The properties of detectors are an important part of the SECR observation model (Table 2). Inside secr, data are tagged with a detector type to ensure they are printed, plotted and analysed appropriately.

Some common detectors (camera 'traps' and hair snags for DNA) do not capture animals, but merely record that an animal has visited a site. These 'proximity' detectors can be considered to act independently of each other. With proximity detectors, each animal $\times$ occasion 'cell' of a detection history potentially contains several positive records. In the simplest case each cell contains a binary vector coding presence or absence at each detector (for such binary proximity detectors each observation has a Bernoulli distribution).

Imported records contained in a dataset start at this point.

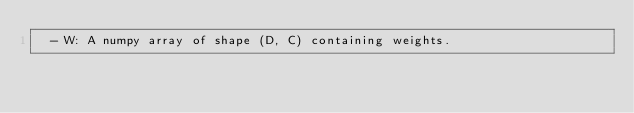Convert code to text. <code><loc_0><loc_0><loc_500><loc_500><_Python_>  - W: A numpy array of shape (D, C) containing weights.</code> 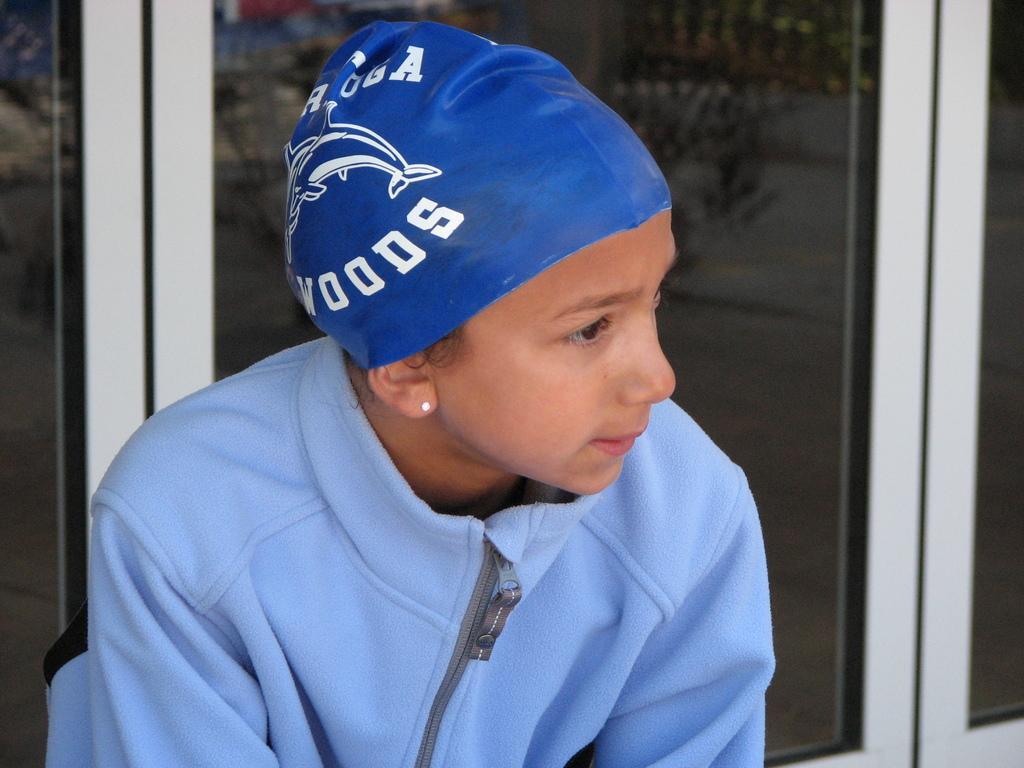Can you describe this image briefly? In front of the picture, we see a girl is wearing a blue jacket and blue cap. Behind her, we see the glass doors. 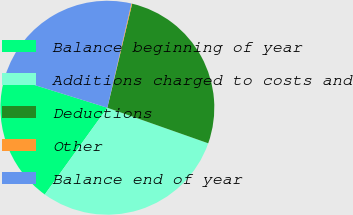Convert chart to OTSL. <chart><loc_0><loc_0><loc_500><loc_500><pie_chart><fcel>Balance beginning of year<fcel>Additions charged to costs and<fcel>Deductions<fcel>Other<fcel>Balance end of year<nl><fcel>19.87%<fcel>29.55%<fcel>26.67%<fcel>0.12%<fcel>23.79%<nl></chart>

A 'count' detector is a generalised proximity detector in which the data are vectors of counts, one per detector. Models for 'count' data will specify a distribution for the counts via the 'binomN' argument of secr.fit (binomN = 0 indicates Poisson; binomN > 1 indicates binomial with size = binomN; binomN = 1 indicates binomial with size given by the 'usage' attribute for the detector and occasion).

Detectors that are true traps do not act independently because capture of an animal in one trap prevents it being caught in another trap until it is released. Traps expose animals to competing risks of capture. The per-trap probability of capture may be adjusted for the competing risk from other traps by using an additive hazard model (Borchers and Efford 2008). However, if the detectors are traps that catch only one animal at a time then there is a further level of competition -- between animals for traps. Multi-catch and single-catch traps therefore represent distinct detector types. No general adjustment has been found for the per-trap probability of capture in the single-catch case (it's an open research question), and there is strictly no known maximum likelihood estimator. Estimates of average density using the multi-catch likelihood for single-catch data appear only slightly biased (Efford, Borchers and Byrom 2009), and this substitution is made automatically in secr, with a warning. However, the substitution is imperfect when density varies (Distiller and Borchers 2015). Simulation and inverse prediction in ipsecr is an alternative and more robust method for single-catch data.

Polygon and transect detectors are for binary or count detection data (e.g., number of detections per animal per polygon per occasion) supplemented with the x-y coordinates of each detection. When a study uses multiple search areas or multiple transects, detections may be either independent or dependent (e.g., maximum one per animal per polygon per occasion) as with traps. The dependent or 'exclusive' type is indicated by the suffix 'X'; in this case the counts are necessarily binary. Using the 'polygonX' or 'transectX' detector type ensures that a competing-risk model is fitted.

Acoustic 'signal strength' detectors produce a binary detection vector supplemented by measurements of signal strength, as from an array of microphones.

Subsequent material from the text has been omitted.